Assume one scattering point and compare it to the line of sight, then one has an additional delay and fringe rate

τ = ½θ^{2}d_{eff}/c,

f_{D }= v_{eff}·θ/λ

Here,

d_{eff }= d_{psr}(1-β)/β, β=1-d_{s}/d_{psr},

v_{eff }= v_{iss}/β = v_{s}/β - v_{⊕ }- v_{psr}(1-β)/β

Here, v_{iss} is the velocity of the scintillation pattern across the
line of sight, and all other velocities are relative to the solar
system barycentre.

Note that f_{D} is related to the time derivative of τ,

dτ/dt = dθ/dt⋅θ(d_{eff}/c) = v_{eff}⋅θ/c = λf_{D}/c

Sometimes it is useful to work in terms of the effective proper motion:

μ_{eff} = v_{eff}/d_{eff} = μ_{s }- μ_{⊕} - μ_{psr}

with μ_{s} = v_{s}/d_{s}, μ_{⊕} = v_{⊕}/d_{eff}, and μ_{psr} = v_{psr}/d_{psr}.
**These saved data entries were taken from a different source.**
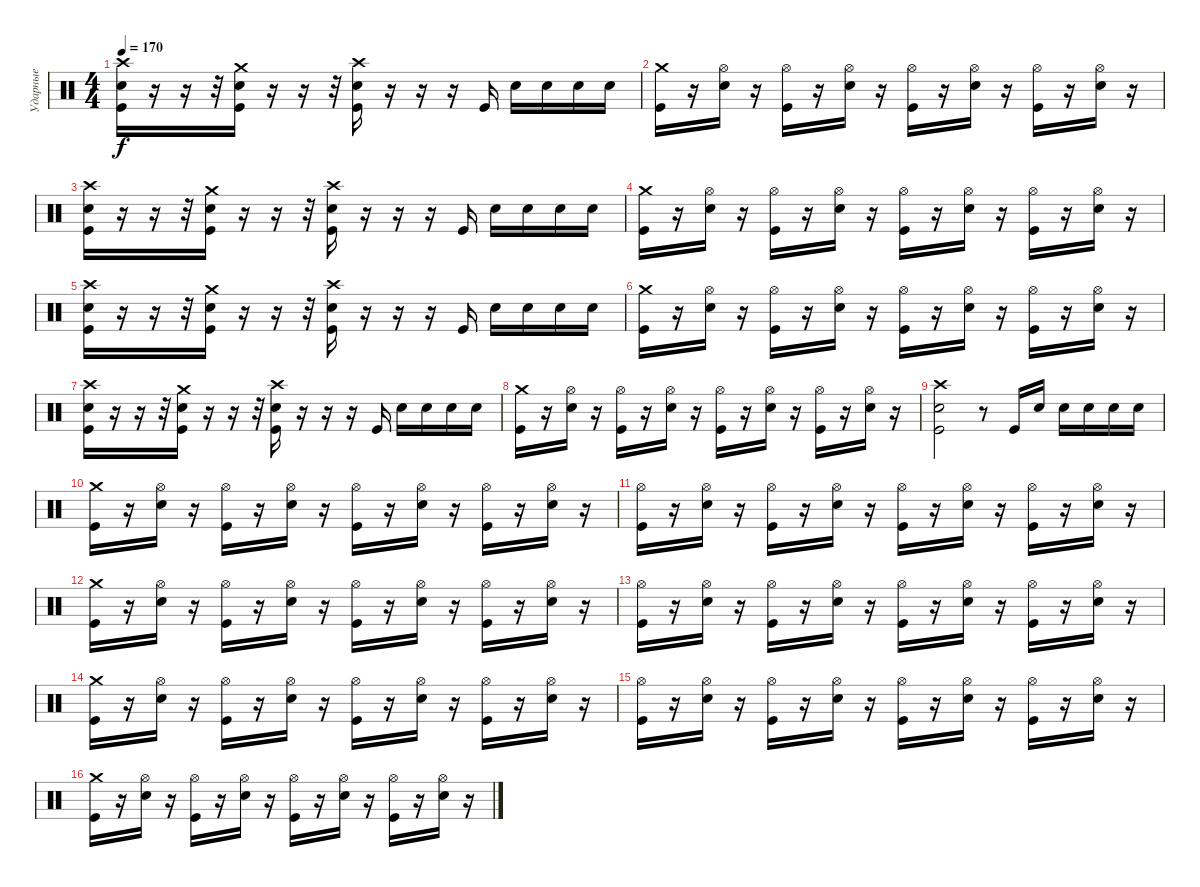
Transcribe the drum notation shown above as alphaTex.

\track ("Ударные" "Ударные") {instrument percussion}
\staff {score}
\articulation defaults
\ts (4 4)
\tempo 170
\clef neutral
\ks c
("Crash high (hit)" "Electric Snare (hit)" "Kick (hit)").16{dy f} r.16 r.16 r.32 ("Crash medium (hit)" "Electric Snare (hit)" "Kick (hit)").16 r.16 r.16 r.32 ("Crash high (hit)" "Electric Snare (hit)" "Kick (hit)").16 r.16 r.16 r.16 "Kick (hit)".16 "Electric Snare (hit)".16 "Electric Snare (hit)".16 "Electric Snare (hit)".16 "Electric Snare (hit)".16 |
("Crash medium (hit)" "Kick (hit)").16 r.16 ("Hi-Hat (open)" "Electric Snare (hit)").16 r.16 ("Hi-Hat (open)" "Kick (hit)").16 r.16 ("Hi-Hat (open)" "Electric Snare (hit)").16 r.16 ("Hi-Hat (open)" "Kick (hit)").16 r.16 ("Hi-Hat (open)" "Electric Snare (hit)").16 r.16 ("Hi-Hat (open)" "Kick (hit)").16 r.16 ("Hi-Hat (open)" "Electric Snare (hit)").16 r.16 |
("Crash high (hit)" "Electric Snare (hit)" "Kick (hit)").16 r.16 r.16 r.32 ("Crash medium (hit)" "Electric Snare (hit)" "Kick (hit)").16 r.16 r.16 r.32 ("Crash high (hit)" "Electric Snare (hit)" "Kick (hit)").16 r.16 r.16 r.16 "Kick (hit)".16 "Electric Snare (hit)".16 "Electric Snare (hit)".16 "Electric Snare (hit)".16 "Electric Snare (hit)".16 |
("Crash medium (hit)" "Kick (hit)").16 r.16 ("Hi-Hat (open)" "Electric Snare (hit)").16 r.16 ("Hi-Hat (open)" "Kick (hit)").16 r.16 ("Hi-Hat (open)" "Electric Snare (hit)").16 r.16 ("Hi-Hat (open)" "Kick (hit)").16 r.16 ("Hi-Hat (open)" "Electric Snare (hit)").16 r.16 ("Hi-Hat (open)" "Kick (hit)").16 r.16 ("Hi-Hat (open)" "Electric Snare (hit)").16 r.16 |
("Crash high (hit)" "Electric Snare (hit)" "Kick (hit)").16 r.16 r.16 r.32 ("Crash medium (hit)" "Electric Snare (hit)" "Kick (hit)").16 r.16 r.16 r.32 ("Crash high (hit)" "Electric Snare (hit)" "Kick (hit)").16 r.16 r.16 r.16 "Kick (hit)".16 "Electric Snare (hit)".16 "Electric Snare (hit)".16 "Electric Snare (hit)".16 "Electric Snare (hit)".16 |
("Crash medium (hit)" "Kick (hit)").16 r.16 ("Hi-Hat (open)" "Electric Snare (hit)").16 r.16 ("Hi-Hat (open)" "Kick (hit)").16 r.16 ("Hi-Hat (open)" "Electric Snare (hit)").16 r.16 ("Hi-Hat (open)" "Kick (hit)").16 r.16 ("Hi-Hat (open)" "Electric Snare (hit)").16 r.16 ("Hi-Hat (open)" "Kick (hit)").16 r.16 ("Hi-Hat (open)" "Electric Snare (hit)").16 r.16 |
("Crash high (hit)" "Electric Snare (hit)" "Kick (hit)").16 r.16 r.16 r.32 ("Crash medium (hit)" "Electric Snare (hit)" "Kick (hit)").16 r.16 r.16 r.32 ("Crash high (hit)" "Electric Snare (hit)" "Kick (hit)").16 r.16 r.16 r.16 "Kick (hit)".16 "Electric Snare (hit)".16 "Electric Snare (hit)".16 "Electric Snare (hit)".16 "Electric Snare (hit)".16 |
("Crash medium (hit)" "Kick (hit)").16 r.16 ("Hi-Hat (open)" "Electric Snare (hit)").16 r.16 ("Hi-Hat (open)" "Kick (hit)").16 r.16 ("Hi-Hat (open)" "Electric Snare (hit)").16 r.16 ("Hi-Hat (open)" "Kick (hit)").16 r.16 ("Hi-Hat (open)" "Electric Snare (hit)").16 r.16 ("Hi-Hat (open)" "Kick (hit)").16 r.16 ("Hi-Hat (open)" "Electric Snare (hit)").16 r.16 |
("Crash high (hit)" "Electric Snare (hit)" "Kick (hit)").2 r.8 "Kick (hit)".16 "Electric Snare (hit)".16 "Electric Snare (hit)".16 "Electric Snare (hit)".16 "Electric Snare (hit)".16 "Electric Snare (hit)".16 |
("Crash medium (hit)" "Kick (hit)").16 r.16 ("Hi-Hat (open)" "Electric Snare (hit)").16 r.16 ("Hi-Hat (open)" "Kick (hit)").16 r.16 ("Hi-Hat (open)" "Electric Snare (hit)").16 r.16 ("Hi-Hat (open)" "Kick (hit)").16 r.16 ("Hi-Hat (open)" "Electric Snare (hit)").16 r.16 ("Hi-Hat (open)" "Kick (hit)").16 r.16 ("Hi-Hat (open)" "Electric Snare (hit)").16 r.16 |
("Hi-Hat (open)" "Kick (hit)").16 r.16 ("Hi-Hat (open)" "Electric Snare (hit)").16 r.16 ("Hi-Hat (open)" "Kick (hit)").16 r.16 ("Hi-Hat (open)" "Electric Snare (hit)").16 r.16 ("Hi-Hat (open)" "Kick (hit)").16 r.16 ("Hi-Hat (open)" "Electric Snare (hit)").16 r.16 ("Hi-Hat (open)" "Kick (hit)").16 r.16 ("Hi-Hat (open)" "Electric Snare (hit)").16 r.16 |
("Crash medium (hit)" "Kick (hit)").16 r.16 ("Hi-Hat (open)" "Electric Snare (hit)").16 r.16 ("Hi-Hat (open)" "Kick (hit)").16 r.16 ("Hi-Hat (open)" "Electric Snare (hit)").16 r.16 ("Hi-Hat (open)" "Kick (hit)").16 r.16 ("Hi-Hat (open)" "Electric Snare (hit)").16 r.16 ("Hi-Hat (open)" "Kick (hit)").16 r.16 ("Hi-Hat (open)" "Electric Snare (hit)").16 r.16 |
("Hi-Hat (open)" "Kick (hit)").16 r.16 ("Hi-Hat (open)" "Electric Snare (hit)").16 r.16 ("Hi-Hat (open)" "Kick (hit)").16 r.16 ("Hi-Hat (open)" "Electric Snare (hit)").16 r.16 ("Hi-Hat (open)" "Kick (hit)").16 r.16 ("Hi-Hat (open)" "Electric Snare (hit)").16 r.16 ("Hi-Hat (open)" "Kick (hit)").16 r.16 ("Hi-Hat (open)" "Electric Snare (hit)").16 r.16 |
("Crash medium (hit)" "Kick (hit)").16 r.16 ("Hi-Hat (open)" "Electric Snare (hit)").16 r.16 ("Hi-Hat (open)" "Kick (hit)").16 r.16 ("Hi-Hat (open)" "Electric Snare (hit)").16 r.16 ("Hi-Hat (open)" "Kick (hit)").16 r.16 ("Hi-Hat (open)" "Electric Snare (hit)").16 r.16 ("Hi-Hat (open)" "Kick (hit)").16 r.16 ("Hi-Hat (open)" "Electric Snare (hit)").16 r.16 |
("Hi-Hat (open)" "Kick (hit)").16 r.16 ("Hi-Hat (open)" "Electric Snare (hit)").16 r.16 ("Hi-Hat (open)" "Kick (hit)").16 r.16 ("Hi-Hat (open)" "Electric Snare (hit)").16 r.16 ("Hi-Hat (open)" "Kick (hit)").16 r.16 ("Hi-Hat (open)" "Electric Snare (hit)").16 r.16 ("Hi-Hat (open)" "Kick (hit)").16 r.16 ("Hi-Hat (open)" "Electric Snare (hit)").16 r.16 |
("Crash medium (hit)" "Kick (hit)").16 r.16 ("Hi-Hat (open)" "Electric Snare (hit)").16 r.16 ("Hi-Hat (open)" "Kick (hit)").16 r.16 ("Hi-Hat (open)" "Electric Snare (hit)").16 r.16 ("Hi-Hat (open)" "Kick (hit)").16 r.16 ("Hi-Hat (open)" "Electric Snare (hit)").16 r.16 ("Hi-Hat (open)" "Kick (hit)").16 r.16 ("Hi-Hat (open)" "Electric Snare (hit)").16 r.16

For a linear structure, where angle α between v_{eff} and θ is constant,
one has τ=ηf_{D}², with curvature η=d_{eff}λ^{2}/2cv_{eff}²cos^{2}α.
Measuring the curvature thus constrains

λ^{2}/2cη = v_{eff,∥}^{2}/d_{eff} = d_{eff} μ_{eff,∥}^{2}.

Inverted arcs are due to interference between scatterers.

Can model whole lot by screen made up of points with phase and velocity offsets given by parabola; Walker+ http://adsabs.harvard.edu/abs/2008MNRAS.388.1214W.

Phase differences between observations at different locations help
localize screen; Brisken+ http://adsabs.harvard.edu/abs/2010ApJ...708..232B.
Φ(r) = φ + k(x-βr)/2βd_{s}, φ is plasma phase delay, x is
transverse offset of screen spot, r is transverse offset of obs.

## 2 Information from VLBI of screen and pulsar (proper motion and parallax)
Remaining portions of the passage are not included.